The story of modern-day cheap food and the green revolution are deeply connected, and as is noted in the Agitator thread (by myself, among others), this is not an entirely bad thing. I’m an environmentalist, and I’m not an optimist of the Julian Simon school of thought; I do believe that the Earth is finite (although the limits are, to some extent, elastic), and I think that the human population will have to be limited in the long run, though I think the only way for that will work is if it’s voluntary. However, in the short run, whether or not we believe that the planet is over-populated, it is not right that people should starve if we can prevent it. And right now, we can, and industrial agriculture made that possible, both by increasing the food supply and lowering food prices. Garrett Hardin‘s lifeboat metaphor is one of the foulest ideas I’ve ever heard associated with environmentalism, and criticizing industrial agriculture for enabling population growth without widespread starvation skirts dangerously close to that way of thinking.

That said, industrial agriculture should not be immune to criticism. What Charlotte Allen – and Radley Balko – overlook is that although industrializing agriculture made food prices lower in part through economies of scale and greater productivity, it also created a number of negative externalities.

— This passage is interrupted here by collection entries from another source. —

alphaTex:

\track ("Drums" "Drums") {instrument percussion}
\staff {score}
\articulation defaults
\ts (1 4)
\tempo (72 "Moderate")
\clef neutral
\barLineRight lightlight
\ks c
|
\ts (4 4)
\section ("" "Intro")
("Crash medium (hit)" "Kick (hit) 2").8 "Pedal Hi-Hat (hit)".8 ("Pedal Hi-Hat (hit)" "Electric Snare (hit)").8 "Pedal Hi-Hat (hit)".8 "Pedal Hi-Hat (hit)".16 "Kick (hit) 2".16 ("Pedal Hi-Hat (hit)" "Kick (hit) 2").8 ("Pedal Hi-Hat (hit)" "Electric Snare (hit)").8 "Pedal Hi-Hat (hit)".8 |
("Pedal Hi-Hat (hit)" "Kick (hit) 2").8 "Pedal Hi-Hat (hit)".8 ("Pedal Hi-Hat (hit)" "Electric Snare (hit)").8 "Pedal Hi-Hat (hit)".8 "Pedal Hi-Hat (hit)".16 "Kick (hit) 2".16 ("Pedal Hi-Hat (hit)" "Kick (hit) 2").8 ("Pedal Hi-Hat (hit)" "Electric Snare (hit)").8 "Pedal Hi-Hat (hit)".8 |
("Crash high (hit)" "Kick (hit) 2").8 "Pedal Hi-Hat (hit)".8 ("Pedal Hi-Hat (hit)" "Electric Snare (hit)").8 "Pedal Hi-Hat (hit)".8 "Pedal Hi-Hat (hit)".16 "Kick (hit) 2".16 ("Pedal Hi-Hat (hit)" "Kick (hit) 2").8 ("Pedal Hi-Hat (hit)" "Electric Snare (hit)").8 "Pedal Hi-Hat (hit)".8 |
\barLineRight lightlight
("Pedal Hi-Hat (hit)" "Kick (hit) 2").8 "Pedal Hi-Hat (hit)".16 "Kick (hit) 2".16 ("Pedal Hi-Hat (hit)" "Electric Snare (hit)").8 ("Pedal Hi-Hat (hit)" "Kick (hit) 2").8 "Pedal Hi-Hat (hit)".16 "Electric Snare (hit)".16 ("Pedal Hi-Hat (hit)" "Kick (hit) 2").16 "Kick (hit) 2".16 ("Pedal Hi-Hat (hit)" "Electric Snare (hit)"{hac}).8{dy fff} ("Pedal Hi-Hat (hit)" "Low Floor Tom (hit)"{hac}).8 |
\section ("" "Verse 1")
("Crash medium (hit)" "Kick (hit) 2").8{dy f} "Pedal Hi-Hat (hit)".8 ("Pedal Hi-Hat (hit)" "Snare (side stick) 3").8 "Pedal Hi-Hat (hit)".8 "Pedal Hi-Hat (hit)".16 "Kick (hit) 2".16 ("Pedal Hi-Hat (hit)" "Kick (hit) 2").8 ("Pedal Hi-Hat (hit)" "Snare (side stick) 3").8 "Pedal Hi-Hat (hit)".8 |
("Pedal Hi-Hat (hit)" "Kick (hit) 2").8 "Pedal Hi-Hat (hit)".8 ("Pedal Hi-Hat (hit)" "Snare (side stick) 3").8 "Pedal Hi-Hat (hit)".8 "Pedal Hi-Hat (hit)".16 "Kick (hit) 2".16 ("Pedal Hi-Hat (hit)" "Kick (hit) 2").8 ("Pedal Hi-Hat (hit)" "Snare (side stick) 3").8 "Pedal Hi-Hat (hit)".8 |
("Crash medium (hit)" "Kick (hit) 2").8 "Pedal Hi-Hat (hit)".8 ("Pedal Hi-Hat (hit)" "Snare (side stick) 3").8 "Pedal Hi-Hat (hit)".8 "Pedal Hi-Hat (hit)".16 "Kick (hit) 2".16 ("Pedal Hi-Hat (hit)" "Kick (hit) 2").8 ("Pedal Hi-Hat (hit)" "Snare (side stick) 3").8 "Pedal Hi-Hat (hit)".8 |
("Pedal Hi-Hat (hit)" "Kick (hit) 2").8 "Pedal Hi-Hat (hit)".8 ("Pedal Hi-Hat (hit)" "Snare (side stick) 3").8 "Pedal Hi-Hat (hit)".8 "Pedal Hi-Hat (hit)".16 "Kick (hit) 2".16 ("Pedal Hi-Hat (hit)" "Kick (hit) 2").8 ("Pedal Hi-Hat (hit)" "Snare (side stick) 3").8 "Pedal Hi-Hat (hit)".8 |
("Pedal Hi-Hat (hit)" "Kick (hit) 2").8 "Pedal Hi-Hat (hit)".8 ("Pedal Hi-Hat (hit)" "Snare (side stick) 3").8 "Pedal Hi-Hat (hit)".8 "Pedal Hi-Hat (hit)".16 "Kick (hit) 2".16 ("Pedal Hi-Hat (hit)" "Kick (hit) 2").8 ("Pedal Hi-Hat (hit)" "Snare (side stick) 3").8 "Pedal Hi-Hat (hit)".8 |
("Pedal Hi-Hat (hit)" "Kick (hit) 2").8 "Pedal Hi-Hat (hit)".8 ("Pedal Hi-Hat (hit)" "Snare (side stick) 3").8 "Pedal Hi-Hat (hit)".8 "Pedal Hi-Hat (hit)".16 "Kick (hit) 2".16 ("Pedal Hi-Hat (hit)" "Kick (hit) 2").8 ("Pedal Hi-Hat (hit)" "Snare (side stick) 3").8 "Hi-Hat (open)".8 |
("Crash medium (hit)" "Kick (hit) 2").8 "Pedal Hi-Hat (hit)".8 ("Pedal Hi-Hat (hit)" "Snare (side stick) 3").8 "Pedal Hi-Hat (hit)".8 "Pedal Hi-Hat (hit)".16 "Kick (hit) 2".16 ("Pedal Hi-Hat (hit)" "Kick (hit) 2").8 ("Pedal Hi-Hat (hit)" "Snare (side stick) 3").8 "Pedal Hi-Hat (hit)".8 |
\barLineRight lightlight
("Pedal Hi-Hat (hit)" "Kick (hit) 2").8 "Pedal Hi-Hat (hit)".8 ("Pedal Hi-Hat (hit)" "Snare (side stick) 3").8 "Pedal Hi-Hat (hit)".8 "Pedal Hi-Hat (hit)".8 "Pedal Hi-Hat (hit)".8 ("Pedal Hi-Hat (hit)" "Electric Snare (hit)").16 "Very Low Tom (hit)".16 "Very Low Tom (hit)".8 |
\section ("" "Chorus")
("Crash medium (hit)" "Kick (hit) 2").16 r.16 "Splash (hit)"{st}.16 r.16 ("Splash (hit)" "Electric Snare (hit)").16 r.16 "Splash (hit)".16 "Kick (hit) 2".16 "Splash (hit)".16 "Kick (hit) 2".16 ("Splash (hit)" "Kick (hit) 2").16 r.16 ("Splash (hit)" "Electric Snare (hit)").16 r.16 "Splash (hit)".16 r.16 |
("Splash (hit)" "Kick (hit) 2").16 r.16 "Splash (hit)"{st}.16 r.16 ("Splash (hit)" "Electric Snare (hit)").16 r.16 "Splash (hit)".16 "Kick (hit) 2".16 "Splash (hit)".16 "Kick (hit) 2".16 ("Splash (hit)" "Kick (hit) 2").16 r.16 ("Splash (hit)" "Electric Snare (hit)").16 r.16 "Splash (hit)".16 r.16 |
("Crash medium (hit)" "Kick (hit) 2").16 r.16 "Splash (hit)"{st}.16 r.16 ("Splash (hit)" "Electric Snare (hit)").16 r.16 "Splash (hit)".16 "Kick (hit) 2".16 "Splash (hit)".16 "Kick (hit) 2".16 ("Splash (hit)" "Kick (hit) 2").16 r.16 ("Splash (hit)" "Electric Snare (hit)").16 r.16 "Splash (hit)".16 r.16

Tegtmeier and Duffy (2004), for example, examined the costs of soil erosion, water and air pollution, biodiversity loss, and human health impacts from conventional agriculture, and suggested that in total, 5 – 16.9 billion dollars are spent annually in the US to pay for the consequences of industrial agriculture. Those numbers are large, but they might be a reasonable price to pay to prevent hunger. However, the problems for which Tegtmeier and Duffy are evaluating costs are not static; for example, erosion imposes an annual cost, but the annual cost will go up as arable land is reduced and soil fertility is lost. When I go to the grocery store and buy a pint of strawberries that were grown on a conventional farm on the other side of the continent, I do not pay those extra costs. Society – and the surrounding environment – does.

We will pay those costs eventually – unless we take a critical look at industrial agriculture. Critical assessment doesn’t mean that we deny that industrial agriculture has helped people; it means we work to assess the unintended consequences to both environmental and human health, and look for alternative practices that can stave off those consequences while retaining the advantages. And there’s my Julian Simon moment – I think that there is plenty of evidence that with enough political will, sustainable agricultural practices can be implemented, and they do not mean either a low-productivity agriculture that will not feed our population, or a return to individual subsistence agriculture. Criticizing industrial agriculture for its well-documented environmental and health consequences does not mean that one must necessarily take an abhorrent moral stance with regard to the human population and our well-being.